Finish configuration using the new Load Balancer tab in the manage cluster interface by following these steps:

  1. Create one outward-facing Interface Configuration Rule for each distinct proxy-server layer-2 subnet. See the Interface Configuration Rule documentation.

    ../../_images/add_a_rule.png ../../_images/add_a_rule_2.png

  2. Create one RRDNS Group per distinct proxy-server layer-2 subnet. When you create an RRDNS Group, you associate it with an outward-facing Interface Configuration Rule and also give it a name to help you tell multiple RRDNS Groups apart during subsequent configuration.

    Each RRDNS Group is either "inactive" or "active". A created RRDNS group starts out "inactive", and cannot be activated unless certain constraints are met (if you try to activate an RRDNS Group too early, you will get an error message listing constraints not yet satisfied). An "inactive" RRDNS Group is ignored during cluster config pushes. Certain actions can later cause an active RRDNS group to become invalid (changing a proxy node's outward-facing interface, changing a proxy node's role, disabling too many proxy servers, etc.). When this happens, a warning message will appear, the RRDNS Group will remain active, and you will not be able to push a config to the cluster until the RRDNS configuration is repaired.

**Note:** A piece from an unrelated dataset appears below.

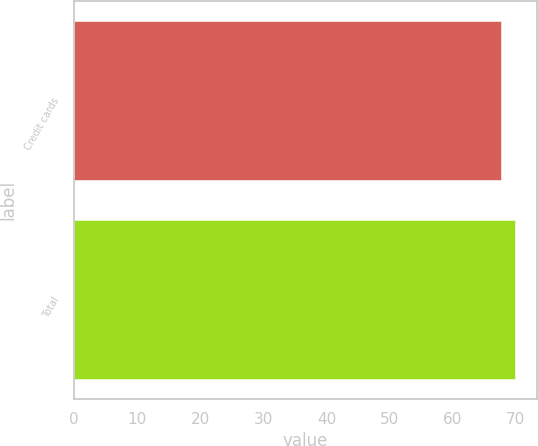Convert chart to OTSL. <chart><loc_0><loc_0><loc_500><loc_500><bar_chart><fcel>Credit cards<fcel>Total<nl><fcel>67.7<fcel>69.9<nl></chart> 
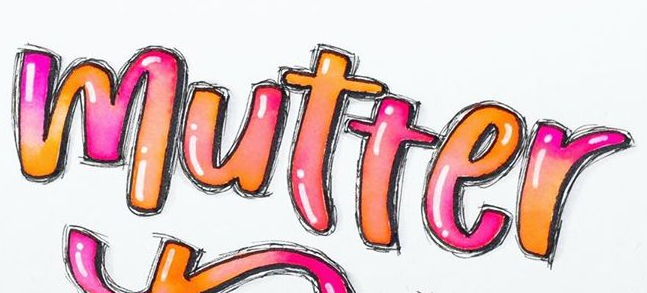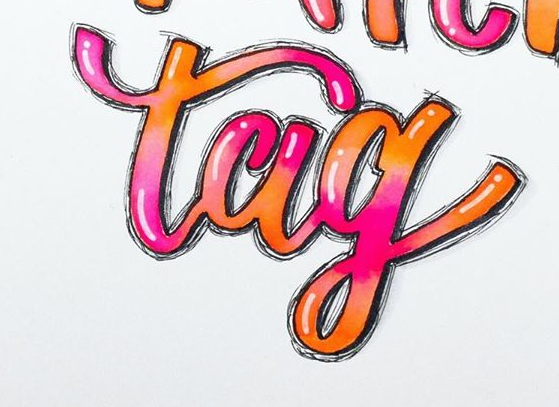Read the text content from these images in order, separated by a semicolon. mutter; tag

    ../../_images/add_a_group.png

  3. Create all RRDNS VIPs. Each VIP will be associated with an RRDNS Group, and the VIP IP address value must be "in" the RRDNS Group's Interface Configuration Rule's subnet. The SwiftStack Controller will automatically assign proxy nodes to RRDNS VIPs in order to maximize availability, taking into account node zone and region membership.

    ../../_images/add_a_vip.png

  4. Activate each RRDNS Group. If certain constraints are not met, you will get an error message listing the unfulfilled constraints and the RRDNS Group will remain inactive.

    ../../_images/activate_group.png

Once all RRDNS Groups and VIPs are configured, and all RRDNS Groups are activated, you can push a config for the cluster. After the configuration push completes, each VIP will be a stable, highly-available endpoint for the Swift cluster that will remain functional, even in the face of failures.